◆ Task item: All lines in the data bearing the string "with" should be identified and copied.

::::::::::

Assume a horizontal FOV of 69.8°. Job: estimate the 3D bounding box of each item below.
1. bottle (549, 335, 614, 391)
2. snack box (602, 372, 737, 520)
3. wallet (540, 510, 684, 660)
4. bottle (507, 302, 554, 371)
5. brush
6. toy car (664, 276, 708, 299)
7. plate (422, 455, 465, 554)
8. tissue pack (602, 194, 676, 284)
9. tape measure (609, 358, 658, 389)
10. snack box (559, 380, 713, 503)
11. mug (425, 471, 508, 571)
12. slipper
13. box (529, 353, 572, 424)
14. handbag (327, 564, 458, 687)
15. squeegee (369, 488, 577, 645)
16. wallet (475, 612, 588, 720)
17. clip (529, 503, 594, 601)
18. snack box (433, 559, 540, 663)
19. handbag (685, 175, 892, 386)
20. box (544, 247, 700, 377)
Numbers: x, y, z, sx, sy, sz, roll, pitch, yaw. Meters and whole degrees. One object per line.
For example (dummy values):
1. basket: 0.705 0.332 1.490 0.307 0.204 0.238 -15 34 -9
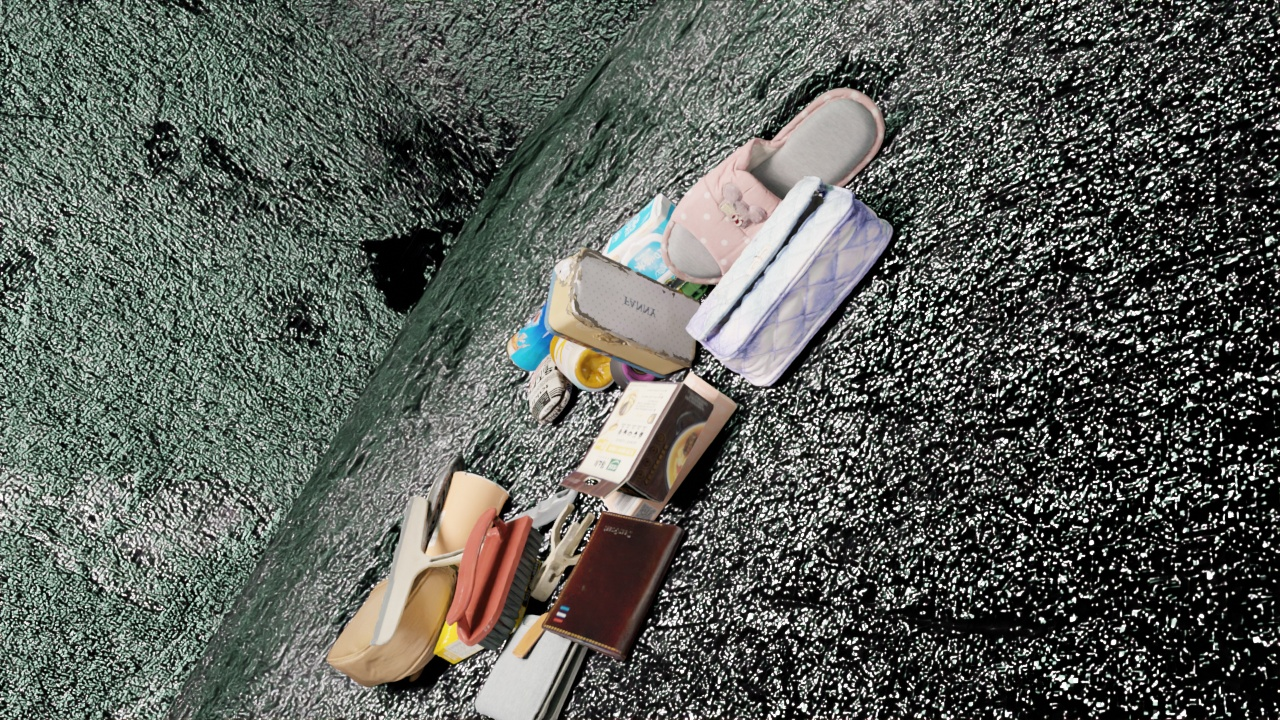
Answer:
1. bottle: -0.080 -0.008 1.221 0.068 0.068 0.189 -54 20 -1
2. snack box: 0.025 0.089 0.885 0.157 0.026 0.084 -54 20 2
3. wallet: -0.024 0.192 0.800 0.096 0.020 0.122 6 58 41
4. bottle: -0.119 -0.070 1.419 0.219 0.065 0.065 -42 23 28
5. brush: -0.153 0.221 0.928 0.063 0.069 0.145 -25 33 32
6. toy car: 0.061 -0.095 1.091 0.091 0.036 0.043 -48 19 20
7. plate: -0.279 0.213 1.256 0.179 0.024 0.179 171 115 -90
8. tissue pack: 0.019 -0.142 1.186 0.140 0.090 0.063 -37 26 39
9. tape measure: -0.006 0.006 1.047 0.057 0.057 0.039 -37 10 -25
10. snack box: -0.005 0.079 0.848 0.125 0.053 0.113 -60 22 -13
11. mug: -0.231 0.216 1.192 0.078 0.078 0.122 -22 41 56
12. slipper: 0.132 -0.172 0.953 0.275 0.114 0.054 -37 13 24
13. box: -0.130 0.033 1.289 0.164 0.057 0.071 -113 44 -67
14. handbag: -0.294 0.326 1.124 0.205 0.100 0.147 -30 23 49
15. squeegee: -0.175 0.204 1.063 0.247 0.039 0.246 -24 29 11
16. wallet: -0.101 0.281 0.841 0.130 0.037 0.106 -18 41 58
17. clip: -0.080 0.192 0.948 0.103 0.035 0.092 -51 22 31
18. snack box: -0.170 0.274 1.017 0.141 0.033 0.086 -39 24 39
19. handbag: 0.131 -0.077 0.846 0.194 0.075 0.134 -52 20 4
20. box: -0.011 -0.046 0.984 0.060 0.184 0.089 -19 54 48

::::::::::

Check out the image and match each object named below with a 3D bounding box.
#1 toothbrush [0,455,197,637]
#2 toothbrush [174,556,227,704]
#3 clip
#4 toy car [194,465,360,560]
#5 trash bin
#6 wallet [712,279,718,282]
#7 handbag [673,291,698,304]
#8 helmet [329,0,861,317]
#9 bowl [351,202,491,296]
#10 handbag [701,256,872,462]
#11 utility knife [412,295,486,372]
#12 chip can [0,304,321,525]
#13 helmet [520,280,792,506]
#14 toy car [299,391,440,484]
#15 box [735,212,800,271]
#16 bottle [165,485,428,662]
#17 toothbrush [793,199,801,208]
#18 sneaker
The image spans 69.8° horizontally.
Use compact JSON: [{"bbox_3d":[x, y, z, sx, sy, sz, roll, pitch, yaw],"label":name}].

::::::::::

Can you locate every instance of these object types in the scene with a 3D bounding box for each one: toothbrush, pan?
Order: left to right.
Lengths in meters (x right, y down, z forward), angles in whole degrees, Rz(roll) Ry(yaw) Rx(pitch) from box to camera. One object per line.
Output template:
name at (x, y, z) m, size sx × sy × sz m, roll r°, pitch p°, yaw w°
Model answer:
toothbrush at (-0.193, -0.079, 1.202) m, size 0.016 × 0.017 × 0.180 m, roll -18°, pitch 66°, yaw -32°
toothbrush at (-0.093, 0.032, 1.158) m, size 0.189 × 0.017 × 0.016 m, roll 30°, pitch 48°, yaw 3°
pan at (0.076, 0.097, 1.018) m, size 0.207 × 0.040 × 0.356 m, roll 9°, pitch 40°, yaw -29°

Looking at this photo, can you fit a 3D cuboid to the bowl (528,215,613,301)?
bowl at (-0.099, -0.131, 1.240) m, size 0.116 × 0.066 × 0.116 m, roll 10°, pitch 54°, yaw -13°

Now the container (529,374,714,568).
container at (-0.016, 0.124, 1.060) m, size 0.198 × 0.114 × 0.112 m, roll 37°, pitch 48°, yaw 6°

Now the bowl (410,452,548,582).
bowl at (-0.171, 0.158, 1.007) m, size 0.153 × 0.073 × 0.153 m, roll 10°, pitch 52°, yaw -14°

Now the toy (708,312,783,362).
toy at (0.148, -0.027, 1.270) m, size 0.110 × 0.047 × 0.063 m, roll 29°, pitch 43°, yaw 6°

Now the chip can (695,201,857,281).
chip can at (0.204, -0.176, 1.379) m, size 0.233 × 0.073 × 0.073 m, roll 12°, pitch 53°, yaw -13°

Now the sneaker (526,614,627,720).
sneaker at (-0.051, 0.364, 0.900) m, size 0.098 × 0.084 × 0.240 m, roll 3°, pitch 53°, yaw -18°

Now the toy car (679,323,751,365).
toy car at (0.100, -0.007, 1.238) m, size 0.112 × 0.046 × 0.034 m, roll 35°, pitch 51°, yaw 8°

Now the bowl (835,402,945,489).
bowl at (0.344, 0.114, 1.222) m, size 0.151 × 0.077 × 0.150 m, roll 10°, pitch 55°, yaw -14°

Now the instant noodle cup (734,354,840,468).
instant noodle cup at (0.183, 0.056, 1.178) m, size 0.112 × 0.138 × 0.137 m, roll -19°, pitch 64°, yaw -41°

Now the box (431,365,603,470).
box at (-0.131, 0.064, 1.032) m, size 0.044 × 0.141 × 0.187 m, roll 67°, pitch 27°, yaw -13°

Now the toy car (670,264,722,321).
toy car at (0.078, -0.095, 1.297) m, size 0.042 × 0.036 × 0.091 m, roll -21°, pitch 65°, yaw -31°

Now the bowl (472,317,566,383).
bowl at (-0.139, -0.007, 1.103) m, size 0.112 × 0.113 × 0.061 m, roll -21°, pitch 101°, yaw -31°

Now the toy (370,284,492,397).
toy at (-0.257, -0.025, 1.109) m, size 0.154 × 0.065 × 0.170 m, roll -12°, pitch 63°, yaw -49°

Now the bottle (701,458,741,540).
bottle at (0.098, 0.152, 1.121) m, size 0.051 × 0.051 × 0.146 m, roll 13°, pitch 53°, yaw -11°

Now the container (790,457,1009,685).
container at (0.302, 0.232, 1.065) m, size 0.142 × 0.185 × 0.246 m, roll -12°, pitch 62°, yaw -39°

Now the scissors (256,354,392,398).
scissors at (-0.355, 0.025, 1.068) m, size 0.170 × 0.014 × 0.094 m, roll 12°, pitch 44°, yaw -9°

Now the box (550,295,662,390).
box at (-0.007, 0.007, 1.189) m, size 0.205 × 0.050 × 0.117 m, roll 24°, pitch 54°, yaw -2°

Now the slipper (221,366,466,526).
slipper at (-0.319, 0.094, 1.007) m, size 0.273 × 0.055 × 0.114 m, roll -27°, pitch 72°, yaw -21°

::::::::::

◆ Written answer:
Check out the image and match each object named below with a 3D bounding box.
Can you locate every instance of these object types in the scene with a 3D bounding box for each one: toothbrush, pan?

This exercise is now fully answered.